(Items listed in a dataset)
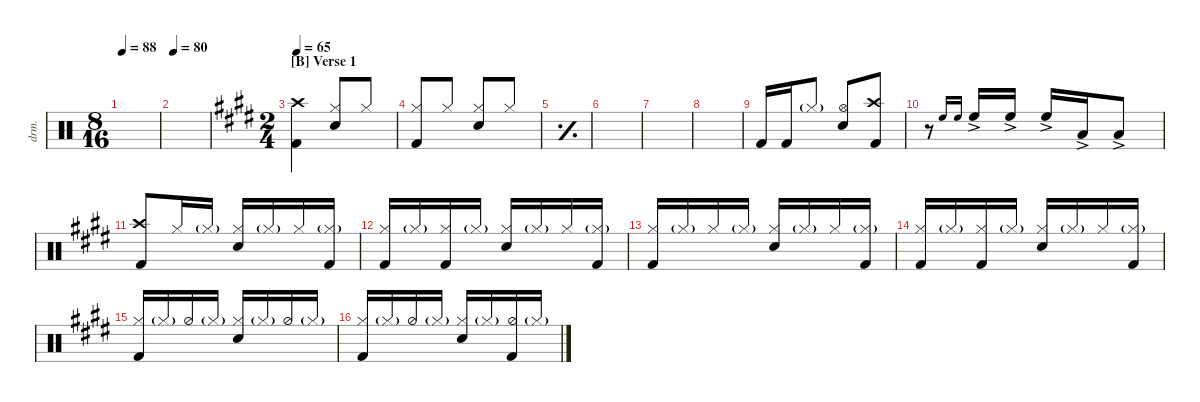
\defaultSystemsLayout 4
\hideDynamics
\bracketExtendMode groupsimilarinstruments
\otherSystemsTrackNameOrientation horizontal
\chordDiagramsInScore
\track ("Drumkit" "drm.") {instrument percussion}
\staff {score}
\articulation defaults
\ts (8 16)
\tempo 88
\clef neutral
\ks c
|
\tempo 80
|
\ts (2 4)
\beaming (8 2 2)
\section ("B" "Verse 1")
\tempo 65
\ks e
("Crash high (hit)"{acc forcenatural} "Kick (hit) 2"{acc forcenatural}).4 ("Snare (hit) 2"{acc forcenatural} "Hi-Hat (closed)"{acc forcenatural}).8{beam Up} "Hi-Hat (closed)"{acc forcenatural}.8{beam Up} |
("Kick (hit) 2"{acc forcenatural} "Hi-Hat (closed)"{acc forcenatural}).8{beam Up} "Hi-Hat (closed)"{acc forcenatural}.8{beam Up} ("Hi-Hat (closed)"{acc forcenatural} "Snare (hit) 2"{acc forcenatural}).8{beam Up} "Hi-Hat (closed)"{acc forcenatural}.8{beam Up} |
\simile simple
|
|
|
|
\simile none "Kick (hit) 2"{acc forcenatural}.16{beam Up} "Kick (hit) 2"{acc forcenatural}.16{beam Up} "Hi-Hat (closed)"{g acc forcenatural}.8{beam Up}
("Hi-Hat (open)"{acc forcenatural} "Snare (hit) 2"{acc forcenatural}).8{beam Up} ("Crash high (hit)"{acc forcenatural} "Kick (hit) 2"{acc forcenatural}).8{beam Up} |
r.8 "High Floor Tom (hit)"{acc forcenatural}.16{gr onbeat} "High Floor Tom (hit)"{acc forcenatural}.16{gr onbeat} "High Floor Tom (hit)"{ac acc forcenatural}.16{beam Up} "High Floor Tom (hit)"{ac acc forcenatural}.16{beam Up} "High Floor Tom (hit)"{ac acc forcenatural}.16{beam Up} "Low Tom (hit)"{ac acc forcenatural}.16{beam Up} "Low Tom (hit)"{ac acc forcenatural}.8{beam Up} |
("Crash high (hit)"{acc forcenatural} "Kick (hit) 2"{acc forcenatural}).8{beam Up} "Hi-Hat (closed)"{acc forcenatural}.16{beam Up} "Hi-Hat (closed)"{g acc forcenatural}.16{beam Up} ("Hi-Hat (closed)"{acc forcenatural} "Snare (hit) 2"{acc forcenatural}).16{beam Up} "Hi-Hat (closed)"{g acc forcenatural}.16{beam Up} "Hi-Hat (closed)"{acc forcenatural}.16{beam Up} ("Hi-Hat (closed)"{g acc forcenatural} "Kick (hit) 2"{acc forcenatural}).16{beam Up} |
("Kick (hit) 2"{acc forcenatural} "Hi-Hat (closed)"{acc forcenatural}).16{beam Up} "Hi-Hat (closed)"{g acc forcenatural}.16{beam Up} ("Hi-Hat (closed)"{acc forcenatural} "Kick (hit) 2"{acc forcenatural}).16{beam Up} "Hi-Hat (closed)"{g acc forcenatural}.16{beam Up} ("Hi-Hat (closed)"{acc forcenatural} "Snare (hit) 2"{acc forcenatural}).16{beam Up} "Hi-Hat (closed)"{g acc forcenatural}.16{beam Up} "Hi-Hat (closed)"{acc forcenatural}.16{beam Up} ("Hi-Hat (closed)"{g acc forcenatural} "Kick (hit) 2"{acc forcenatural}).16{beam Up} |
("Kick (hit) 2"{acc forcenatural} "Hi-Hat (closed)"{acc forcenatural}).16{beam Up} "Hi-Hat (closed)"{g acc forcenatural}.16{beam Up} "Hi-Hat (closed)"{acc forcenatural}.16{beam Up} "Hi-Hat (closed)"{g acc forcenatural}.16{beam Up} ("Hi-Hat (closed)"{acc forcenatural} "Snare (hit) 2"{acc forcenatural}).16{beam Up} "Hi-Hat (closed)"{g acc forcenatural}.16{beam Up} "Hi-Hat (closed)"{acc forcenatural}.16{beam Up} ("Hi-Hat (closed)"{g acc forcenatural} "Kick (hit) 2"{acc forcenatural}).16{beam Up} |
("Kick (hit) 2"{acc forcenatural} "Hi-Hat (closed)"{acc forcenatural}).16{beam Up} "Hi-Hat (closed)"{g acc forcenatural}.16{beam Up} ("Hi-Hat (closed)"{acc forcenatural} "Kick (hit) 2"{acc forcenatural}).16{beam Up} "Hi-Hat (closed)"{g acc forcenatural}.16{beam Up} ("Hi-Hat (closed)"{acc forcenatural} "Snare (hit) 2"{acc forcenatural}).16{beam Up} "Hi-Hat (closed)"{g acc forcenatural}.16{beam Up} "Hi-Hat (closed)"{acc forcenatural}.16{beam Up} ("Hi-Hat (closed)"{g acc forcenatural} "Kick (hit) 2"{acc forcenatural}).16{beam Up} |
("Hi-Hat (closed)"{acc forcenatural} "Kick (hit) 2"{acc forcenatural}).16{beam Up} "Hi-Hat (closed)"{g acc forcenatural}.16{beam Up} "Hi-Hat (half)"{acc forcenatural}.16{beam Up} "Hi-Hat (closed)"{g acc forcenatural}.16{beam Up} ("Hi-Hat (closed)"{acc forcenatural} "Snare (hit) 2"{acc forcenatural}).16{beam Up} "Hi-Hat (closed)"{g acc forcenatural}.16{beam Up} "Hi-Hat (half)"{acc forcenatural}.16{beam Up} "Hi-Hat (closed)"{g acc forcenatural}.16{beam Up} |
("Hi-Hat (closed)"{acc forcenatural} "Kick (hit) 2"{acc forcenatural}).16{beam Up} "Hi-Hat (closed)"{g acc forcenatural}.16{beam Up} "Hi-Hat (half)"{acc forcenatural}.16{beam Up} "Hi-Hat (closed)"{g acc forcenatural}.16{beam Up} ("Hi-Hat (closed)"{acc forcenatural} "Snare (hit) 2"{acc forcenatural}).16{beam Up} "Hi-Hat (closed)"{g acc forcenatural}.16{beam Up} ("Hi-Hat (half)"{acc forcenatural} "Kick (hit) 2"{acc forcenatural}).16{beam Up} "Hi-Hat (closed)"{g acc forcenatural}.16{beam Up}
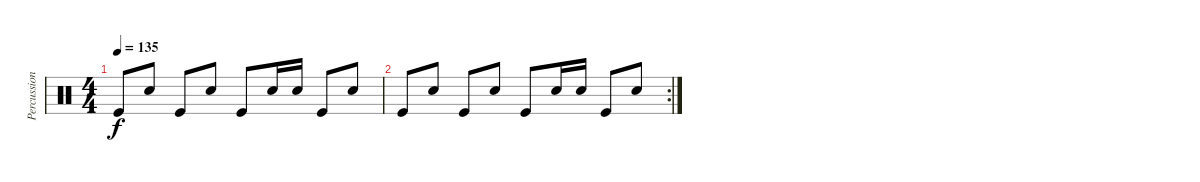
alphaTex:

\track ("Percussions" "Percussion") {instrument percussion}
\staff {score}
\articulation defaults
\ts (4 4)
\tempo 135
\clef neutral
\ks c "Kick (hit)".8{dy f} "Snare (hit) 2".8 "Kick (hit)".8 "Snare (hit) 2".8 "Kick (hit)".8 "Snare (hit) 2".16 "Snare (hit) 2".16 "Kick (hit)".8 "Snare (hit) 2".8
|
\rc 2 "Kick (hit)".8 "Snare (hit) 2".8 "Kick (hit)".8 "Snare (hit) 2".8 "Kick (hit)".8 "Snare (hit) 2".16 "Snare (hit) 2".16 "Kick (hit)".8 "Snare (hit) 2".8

Directions
Show every line in the records above that contains the word "simile".

Reply
\simile simple
\simile none "Kick (hit) 2"{acc forcenatural}.16{beam Up} "Kick (hit) 2"{acc forcenatural}.16{beam Up} "Hi-Hat (closed)"{g acc forcenatural}.8{beam Up}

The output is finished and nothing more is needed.